Our study undertook an innovative approach using a clustering algorithm to identify different clinical phenotypes of patients hospitalized with COVID-19 with varying infection viral load to assess the role of remdesivir use in terms of mortality. We documented significant differences in this important outcome amongst clusters. These results are of great importance as they confirm that those patients with higher viral load benefitted more, even in terms of reduced mortality, from remdesivir use. Moreover, our results highlight the potential use of computers, especially with their ability to cluster patients, to improve the decision-making process in relation to antiviral use.

Remdesivir received definitive approval by health authorities as COVID-19 treatment in October 2020. However, two trials assessing the impact of remdesivir use on outcomes in patients with COVID-19 did not find any benefits in clinical improvement or mortality. Amongst the 237 randomized patients in the first study, the median time from symptom onset to remdesivir use was 11 days; 19% of patients had undetectable viral RNA in rRT-PCR at trial inclusion; and 32% of patients had a lymphocyte count of more than 1000 when remdesivir was started [7]. The second study had no data reporting patient characteristics in relation to any of these variables [8]. Data on Ct values in rRT-PCR at COVID-19 diagnosis were lacking in both studies.

Conversely, other trials demonstrated clinical benefits from the use of remdesivir [2, 5, 7, 8, 11, 12]. This benefit was more pronounced in patients who had shorter pre-admission duration of symptoms. Data on lymphocyte count or Ct in rRT-PCR at diagnosis were not reported.

In our study the clustering K-means method optimally classifies patients depending on the viral load and a worse response to viral infection—as defined by lower Ct of rRT-PCR and lymphocyte count at COVID-19 diagnosis and shorter pre-test duration of symptoms—and it helps to draw a clear clinical picture of different mortality rates. These findings are consistent with those previously reported in clinical studies [17, 23,24,25] and strengthen the link between viral load and mortality. Furthermore, these observations reinforce the idea that administering early antiviral treatment should be important in improving mortality of specific patients hospitalized with COVID-19.

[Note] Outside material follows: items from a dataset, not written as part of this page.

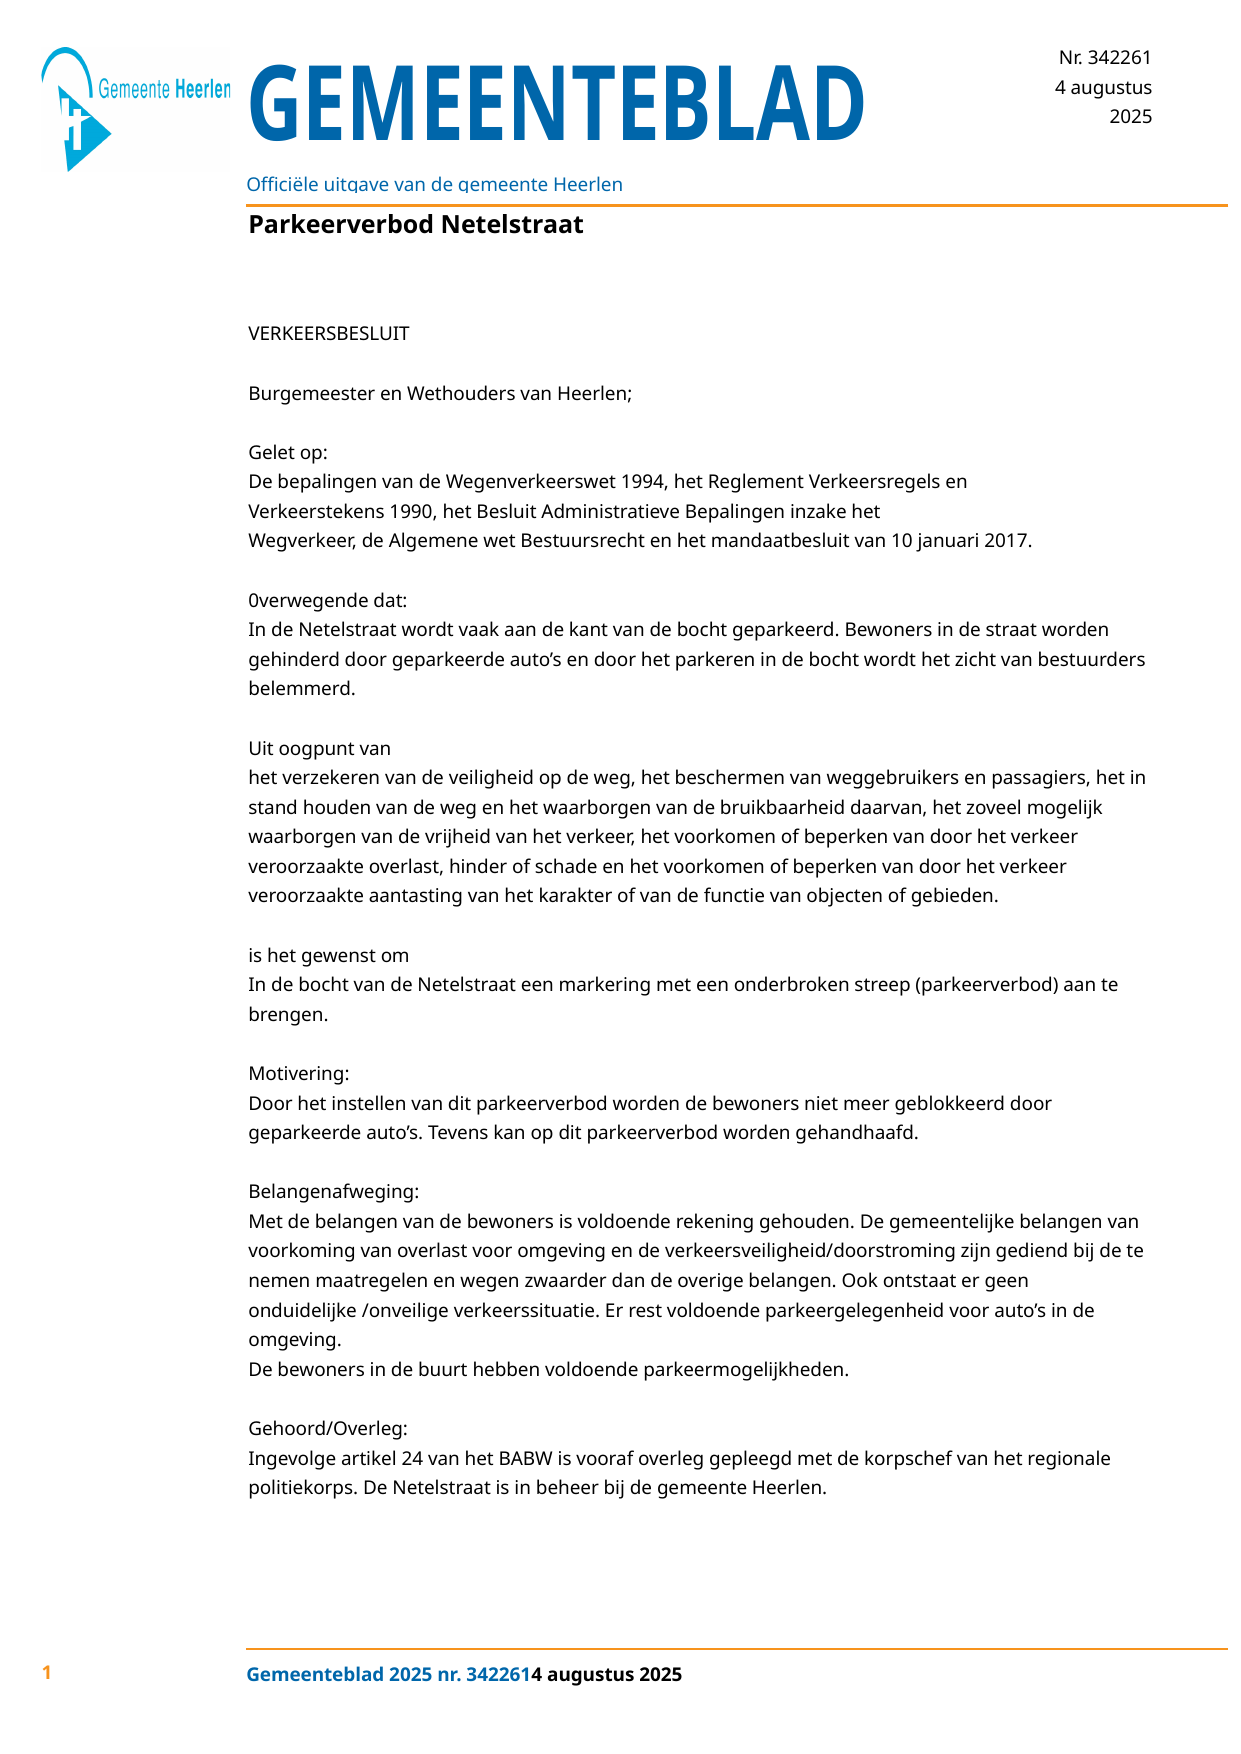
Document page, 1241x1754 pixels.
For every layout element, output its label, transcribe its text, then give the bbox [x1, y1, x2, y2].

text Door het instellen van dit parkeerverbod worden de bewoners niet meer geblokkeerd door geparkeerde auto’s. Tevens kan op dit parkeerverbod worden gehandhaafd. [248, 1090, 1152, 1145]
text is het gewenst om [248, 942, 1152, 968]
text Gehoord/Overleg: [248, 1415, 1152, 1441]
text Uit oogpunt van [248, 735, 1152, 761]
text Met de belangen van de bewoners is voldoende rekening gehouden. De gemeentelijke belangen van voorkoming van overlast voor omgeving en de verkeersveiligheid/doorstroming zijn gediend bij de te nemen maatregelen en wegen zwaarder dan de overige belangen. Ook ontstaat er geen onduidelijke /onveilige verkeerssituatie. Er rest voldoende parkeergelegenheid voor auto’s in de omgeving. [248, 1208, 1152, 1352]
text Motivering: [248, 1060, 1152, 1086]
text Ingevolge artikel 24 van het BABW is vooraf overleg gepleegd met de korpschef van het regionale politiekorps. De Netelstraat is in beheer bij de gemeente Heerlen. [248, 1445, 1152, 1500]
picture [41, 47, 59, 70]
text Gelet op: [248, 439, 1152, 465]
text De bepalingen van de Wegenverkeerswet 1994, het Reglement Verkeersregels en [248, 468, 1152, 494]
text Belangenafweging: [248, 1178, 1152, 1204]
text In de bocht van de Netelstraat een markering met een onderbroken streep (parkeerverbod) aan te brengen. [248, 971, 1152, 1027]
picture [41, 47, 231, 172]
text Wegverkeer, de Algemene wet Bestuursrecht en het mandaatbesluit van 10 januari 2017. [248, 528, 1152, 553]
text VERKEERSBESLUIT [248, 321, 1152, 346]
text De bewoners in de buurt hebben voldoende parkeermogelijkheden. [248, 1356, 1152, 1382]
text Burgemeester en Wethouders van Heerlen; [248, 380, 1152, 406]
text Parkeerverbod Netelstraat [248, 207, 1152, 241]
text Verkeerstekens 1990, het Besluit Administratieve Bepalingen inzake het [248, 498, 1152, 524]
text In de Netelstraat wordt vaak aan de kant van de bocht geparkeerd. Bewoners in de straat worden gehinderd door geparkeerde auto’s en door het parkeren in de bocht wordt het zicht van bestuurders belemmerd. [248, 616, 1152, 701]
text 0verwegende dat: [248, 587, 1152, 613]
text het verzekeren van de veiligheid op de weg, het beschermen van weggebruikers en passagiers, het in stand houden van de weg en het waarborgen van de bruikbaarheid daarvan, het zoveel mogelijk waarborgen van de vrijheid van het verkeer, het voorkomen of beperken van door het verkeer veroorzaakte overlast, hinder of schade en het voorkomen of beperken van door het verkeer veroorzaakte aantasting van het karakter of van de functie van objecten of gebieden. [248, 764, 1152, 908]
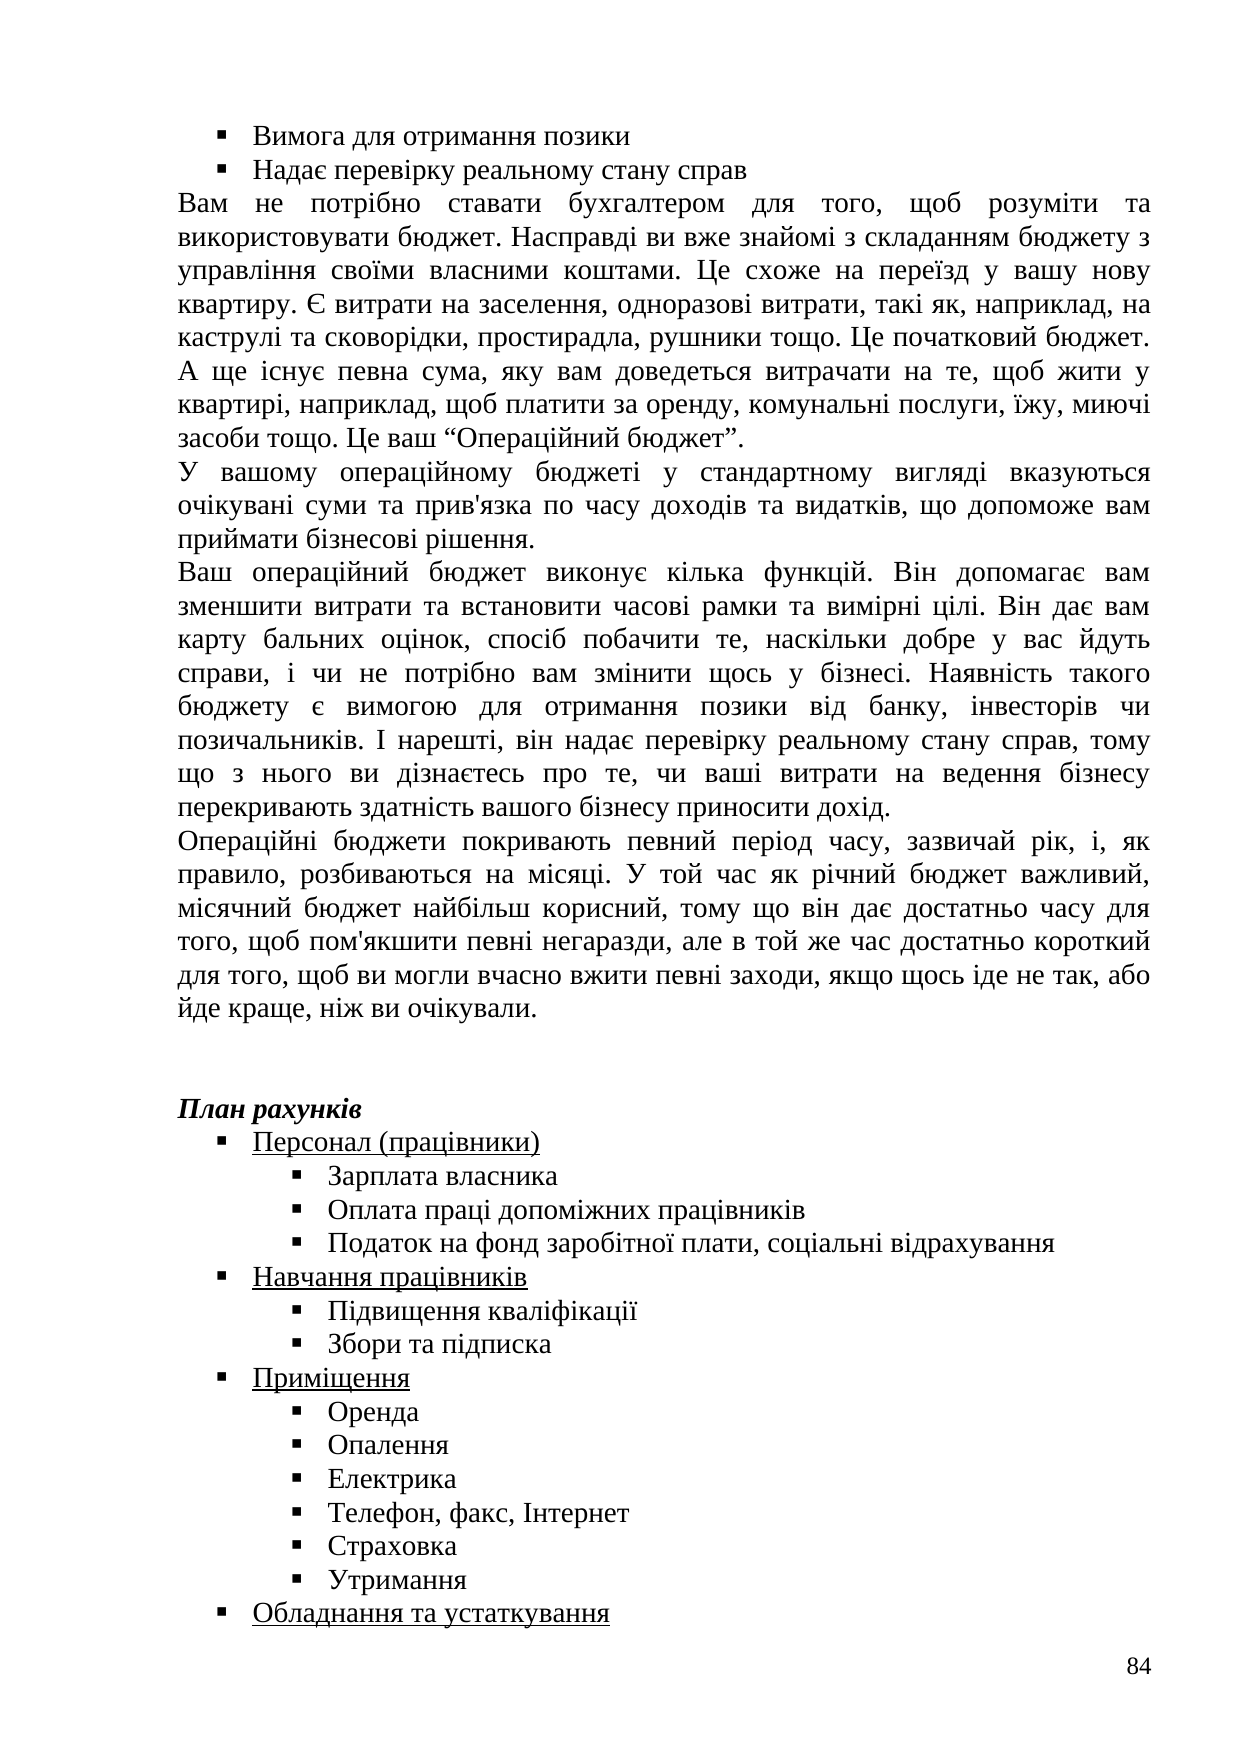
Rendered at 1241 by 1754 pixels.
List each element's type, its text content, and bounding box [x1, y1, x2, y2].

list Збори та підписка [290, 1326, 1152, 1360]
text У вашому операційному бюджеті у стандартному вигляді вказуються очікувані суми та прив'язка по часу доходів та видатків, що допоможе вам приймати бізнесові рішення. [177, 454, 1152, 554]
list Оренда [290, 1394, 1152, 1427]
list Персонал (працівники) [215, 1124, 1152, 1158]
list Страховка [290, 1528, 1152, 1562]
list Зарплата власника [290, 1158, 1152, 1192]
text План рахунків [177, 1091, 1152, 1124]
text Ваш операційний бюджет виконує кілька функцій. Він допомагає вам зменшити витрати та встановити часові рамки та вимірні цілі. Він дає вам карту бальних оцінок, спосіб побачити те, наскільки добре у вас йдуть справи, і чи не потрібно вам змінити щось у бізнесі. Наявність такого бюджету є вимогою для отримання позики від банку, інвесторів чи позичальників. І нарешті, він надає перевірку реальному стану справ, тому що з нього ви дізнаєтесь про те, чи ваші витрати на ведення бізнесу перекривають здатність вашого бізнесу приносити дохід. [177, 554, 1152, 823]
list Податок на фонд заробітної плати, соціальні відрахування [290, 1226, 1152, 1259]
list Вимога для отримання позики [215, 118, 1152, 152]
text Операційні бюджети покривають певний період часу, зазвичай рік, і, як правило, розбиваються на місяці. У той час як річний бюджет важливий, місячний бюджет найбільш корисний, тому що він дає достатньо часу для того, щоб пом'якшити певні негаразди, але в той же час достатньо короткий для того, щоб ви могли вчасно вжити певні заходи, якщо щось іде не так, або йде краще, ніж ви очікували. [177, 823, 1152, 1024]
list Телефон, факс, Інтернет [290, 1495, 1152, 1528]
list Підвищення кваліфікації [290, 1293, 1152, 1326]
list Навчання працівників [215, 1259, 1152, 1293]
list Утримання [290, 1562, 1152, 1596]
list Оплата праці допоміжних працівників [290, 1192, 1152, 1226]
list Обладнання та устаткування [215, 1596, 1152, 1629]
list Приміщення [215, 1360, 1152, 1394]
list Опалення [290, 1427, 1152, 1461]
list Надає перевірку реальному стану справ [215, 152, 1152, 185]
list Електрика [290, 1461, 1152, 1495]
text Вам не потрібно ставати бухгалтером для того, щоб розуміти та використовувати бюджет. Насправді ви вже знайомі з складанням бюджету з управління своїми власними коштами. Це схоже на переїзд у вашу нову квартиру. Є витрати на заселення, одноразові витрати, такі як, наприклад, на каструлі та сковорідки, простирадла, рушники тощо. Це початковий бюджет. А ще існує певна сума, яку вам доведеться витрачати на те, щоб жити у квартирі, наприклад, щоб платити за оренду, комунальні послуги, їжу, миючі засоби тощо. Це ваш “Операційний бюджет”. [177, 185, 1152, 454]

Studies on the impact of new antiviral strategies in patients with COVID-19 have been recently conducted. All these therapeutic approaches have mainly been tested on patients within the initial days following a COVID-19 diagnosis; results are encouraging [26,27,28,29,30]. Our study shows that controversial results may be explained by the heterogeneity of patient characteristics at inclusion. Thus, researchers evaluating the impact of treatments on COVID-19 prognosis should describe those phenotypes more precisely to better explain why those treatments are beneficial in some cases while not in others. In this context, providing clustering methods that assist physicians with objectively classifying patients and/or analyzing a large number of variables will be breakthrough in medicine. This methodology makes it possible to have objective, reproducible classifications, available with a small, 24/7 computer support tool for all physicians, irrespective of their expertise. The use of clustering algorithms in medical research remains scarce, and some authors have expressed concern about the black box that some algorithms or clustering performed by a computer may represent [21]. However, studies such as ours, in which computers perform clustering of patients based on variables determined by our team, and confirm results in an external validation cohort, strengthen our confidence in these techniques. To our knowledge, this is the first study that demonstrated the impact of a specific antiviral treatment in patients classified with an unsupervised clustering algorithm and confirmed the results using an external validation cohort.

The main limitations of our study include the following. First, we did not have any information on the specific SARS-CoV-2 variants in our patients. The most frequent circulating variants throughout the study period included SARS-CoV-2 Wuhan-1 and B.1.1.7 (alpha). Further studies are necessary to analyze whether our results could be extrapolated to other new viral variants, as susceptibility of SARS-CoV-2 to the antiviral may potentially change according to the appearance of mutations in the antiviral target. Second, we have no information on patients’ vaccine status. As a result of the study period, most patients in this cohort were not vaccinated. The results in the vaccinated population might be different. Indeed, in our study, viral load and the potential host response to SARS-CoV-2 were analyzed directly by Ct of rRT-PCR and indirectly by lymphocyte count and pre-test duration of symptoms. It would be plausible to consider modifications in these variables due to vaccination and SARS-CoV-2 new variants’ susceptibility to current vaccination regimen. That stated, there is a need for future studies to investigate the impact of these values, particularly among vaccinated patients, on the relationship between prognosis and the use of remdesivir. Finally, we focus on mortality, and other potential benefits of remdesivir in outcomes are not analyzed. Another important aspect to be further investigated in the future is the evolution of the clinical phenotype of COVID-19 during pandemic waves. Examining the evolution of viral phenotypes throughout the pandemic, as well as their relationship with secondary inflammation due to COVID-19, would be of interest. This knowledge could guide us in understanding the importance of antiviral strategies compared to other COVID-19 treatments, with a more focused approach on controlling inflammation.